A customer calls your contact center and reads out their credit card number to an agent. A prospect joins a sales call and shares their name, work email, and company. Both conversations are recorded and transcribed, and both now contain sensitive personal data sitting in plain text in your database.
PII redaction in speech-to-text is the process of automatically detecting and replacing personally identifiable information, such as names, addresses, phone numbers, and financial data — in audio transcripts before they are stored or processed. It ensures that sensitive data is stripped at the source, so the transcripts you store and analyze are compliant by default.
What counts as PII?
PII (Personally Identifiable Information) is any data that can be used, alone or in combination, to identify a specific individual. In the context of audio transcription, PII goes far beyond just names and email addresses. It spans financial records, health data, government IDs, and more.
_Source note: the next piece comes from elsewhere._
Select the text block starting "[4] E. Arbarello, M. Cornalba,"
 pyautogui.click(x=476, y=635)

Here’s a breakdown of the main categories:
| Category |
Examples |
| Personal identifiers |
Names (given, family), date of birth, Social Security Numbers and international equivalents (Canadian SIN, German
Sozialversicherungsnummer, French NIR), passport numbers, driver's license |
| Contact information |
Email addresses, phone numbers, mailing addresses (down to street level), IP addresses |
| Financial data (PCI) |
Credit card numbers, CVV codes, bank account numbers, IBANs |
| Health information (PHI) |
Medical conditions, insurance IDs, prescription information |
| Employment & education data |
Employee IDs, student numbers, payroll data |
Why PII redaction matters
Recording and transcribing conversations without redacting sensitive information introduces serious legal, financial, and reputational risk.
Regulatory compliance
Several major compliance regulations require businesses to protect personal data:
- GDPR (Europe) — mandates strict handling of personal data, with heavy fines for non-compliance.
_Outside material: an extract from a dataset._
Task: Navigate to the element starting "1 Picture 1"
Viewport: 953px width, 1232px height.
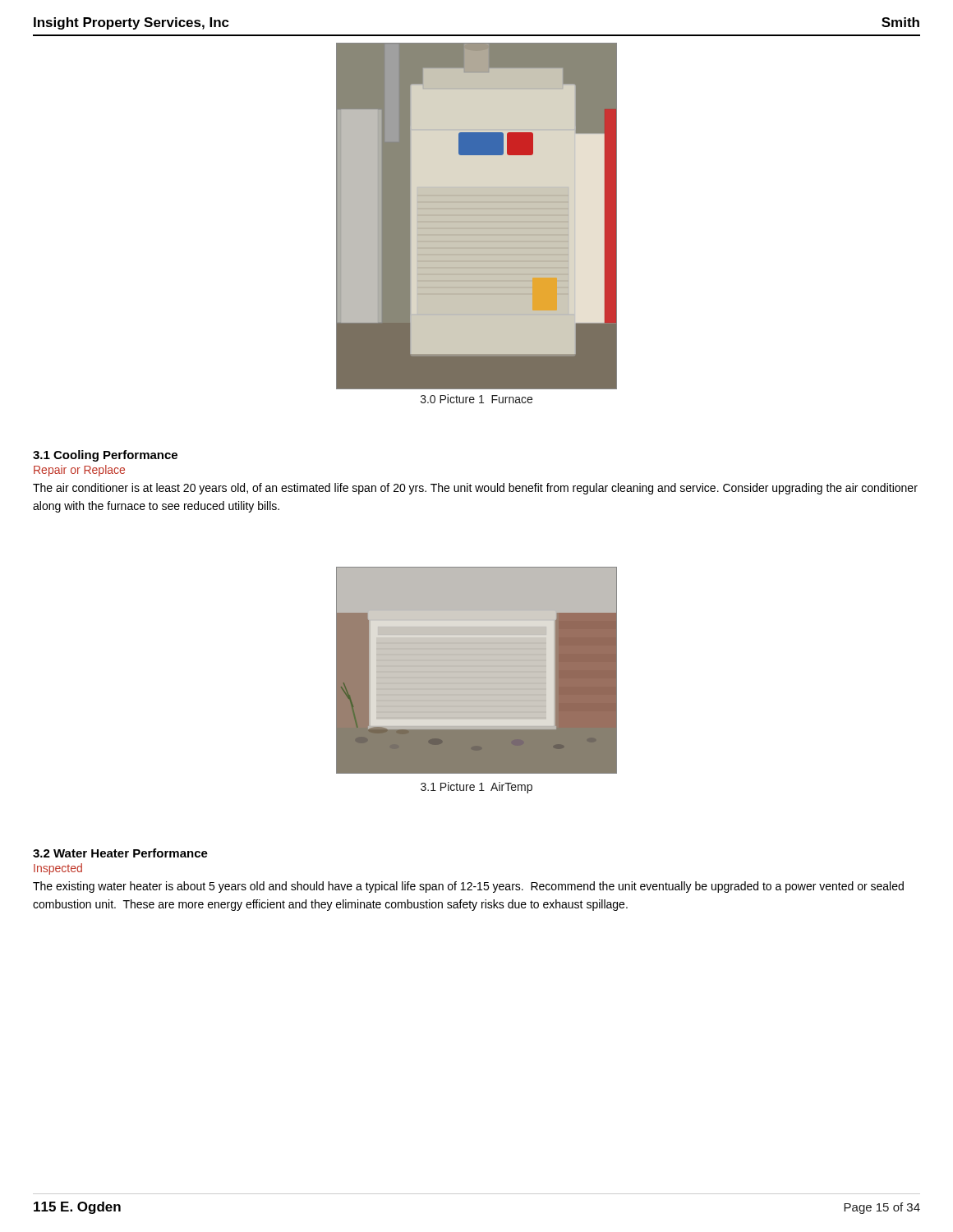Action: (476, 787)

- HIPAA (US healthcare) — requires safeguarding protected health information (PHI).
- PCI DSS — governs how credit card data must be handled and stored.
- CCPA (California) — gives consumers control over their personal data.
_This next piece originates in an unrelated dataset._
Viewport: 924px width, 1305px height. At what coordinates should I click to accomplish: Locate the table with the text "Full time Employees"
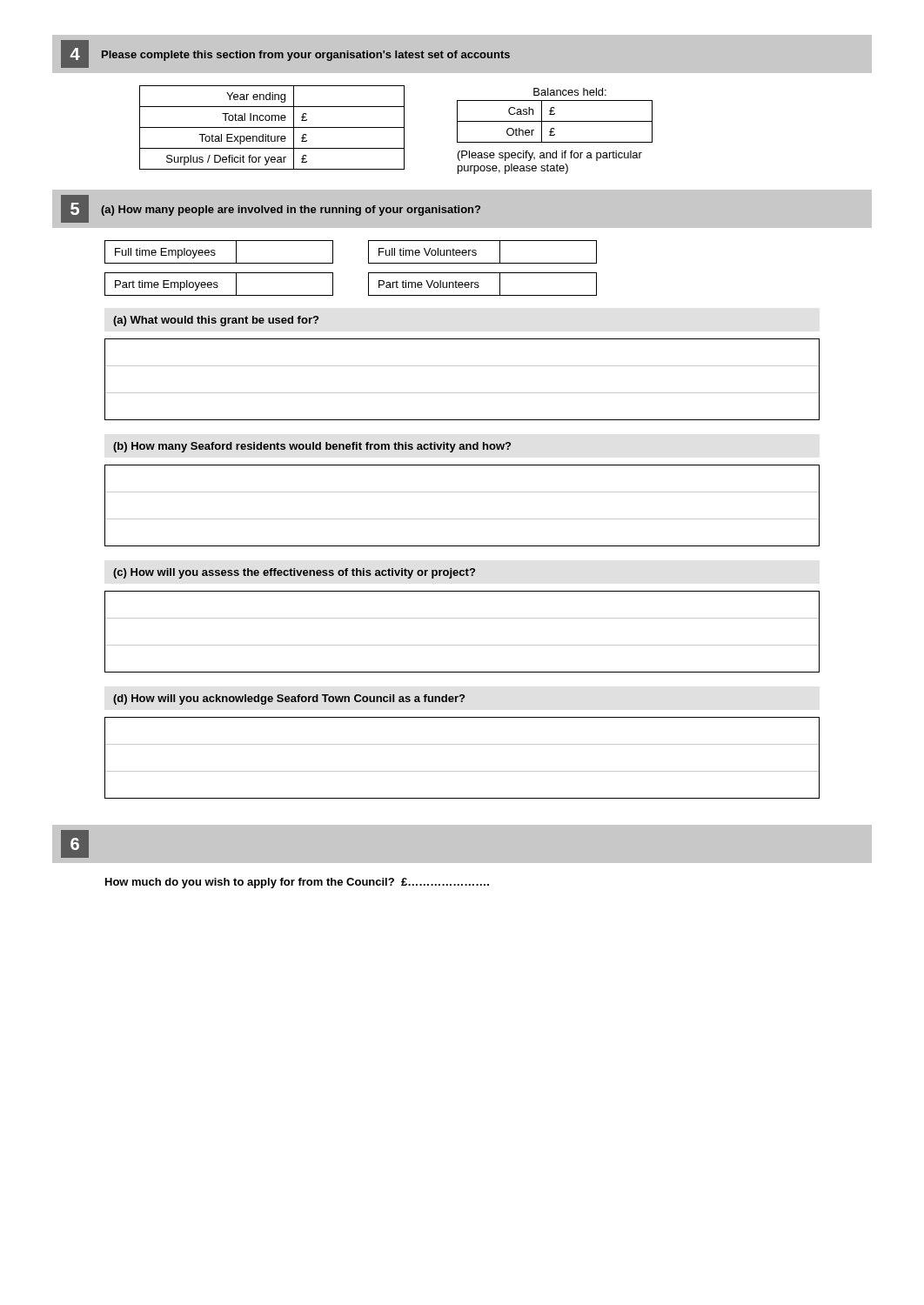[x=219, y=252]

If transcripts contain raw PII, they fall under these regulations — increasing your compliance burden.
Security risk
Unredacted transcripts are a high-value target. If your database is compromised, attackers gain access to names, financial information, and other sensitive data in a readable format.
Redacting PII at transcription time drastically reduces the risk in case of data breaches.
Data minimization
Modern privacy frameworks emphasize data minimization, collecting and storing only what you truly need. If your analytics don’t require PII values like raw credit card numbers or full addresses, there’s no reason to keep them.
How PII redaction works in speech-to-text
Modern speech-to-text systems integrate PII detection directly into the transcription pipeline.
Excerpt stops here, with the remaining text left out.